Well, it happened. My maxima died.  Wasn't running enough oil and the engine siezed. Now it won't turn over. I would like to fix the car but I have the feeling that it'll cost me more to fix the car than I would get if I parted the car off. How would I go about parting off the car? If I sold the car to a junk yard about how much do you guys think they'd give me for it. Any advice is extremely welcomed. The car is an 88 Maxima with 87k miles. The body is in good shape just needs two tires. Tranny's fine and have an extra motor and tranny from another 88 maxima but it doesn't run and I have no idea why. Should I just try selling all of the parts, and if so, how would i do it?


----------



## nismo1989 (Jan 13, 2003)

dryvur said:


> *Well, it happened. My maxima died.  Wasn't running enough oil and the engine siezed. Now it won't turn over. I would like to fix the car but I have the feeling that it'll cost me more to fix the car than I would get if I parted the car off. How would I go about parting off the car? If I sold the car to a junk yard about how much do you guys think they'd give me for it.
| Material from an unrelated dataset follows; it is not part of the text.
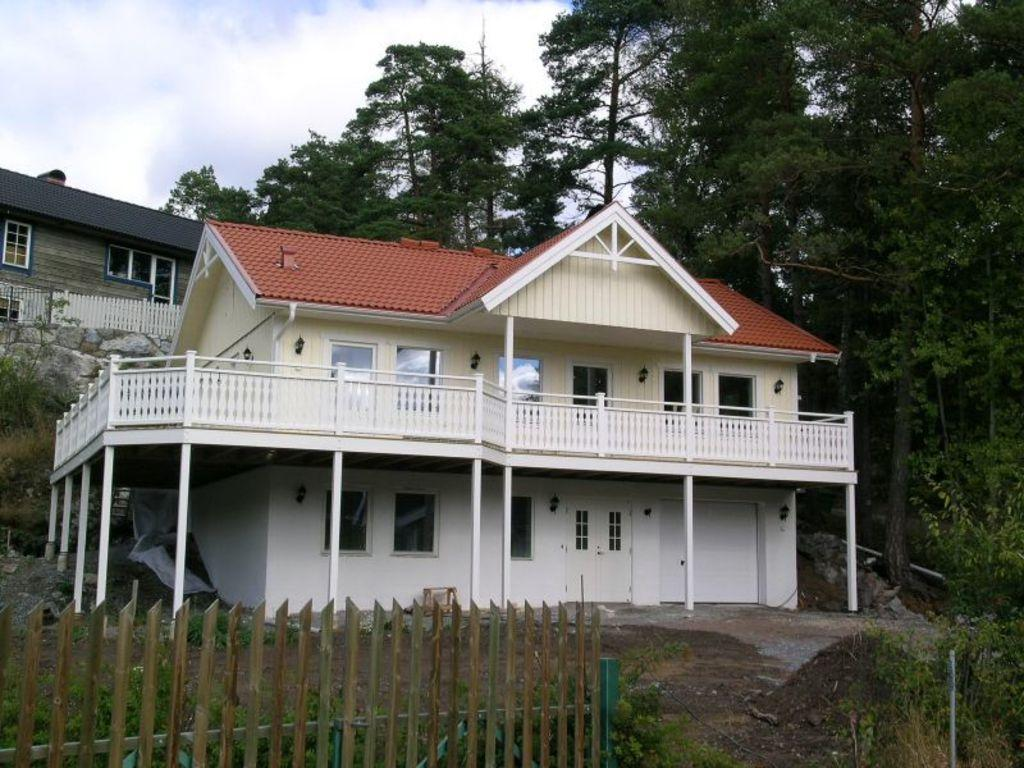What type of structures can be seen in the image? There are houses in the image. What other natural elements are present in the image? There are trees in the image. What can be seen in the sky in the image? There are clouds in the image. What is visible in the background of the image? The sky is visible in the image. What allows us to see inside the houses in the image? There are windows in the image. What type of flesh can be seen hanging from the trees in the image? There is no flesh present in the image; it features houses, trees, clouds, and the sky.

Any advice is extremely welcomed. The car is an 88 Maxima with 87k miles. The body is in good shape just needs two tires. Tranny's fine and have an extra motor and tranny from another 88 maxima but it doesn't run and I have no idea why. Should I just try selling all of the parts, and if so, how would i do it? *


Well, you could easily find a new engine for it... or part it out on Maxima.org there is a high demand for certain parts off of the 1st & 2nd gen Maximas.


----------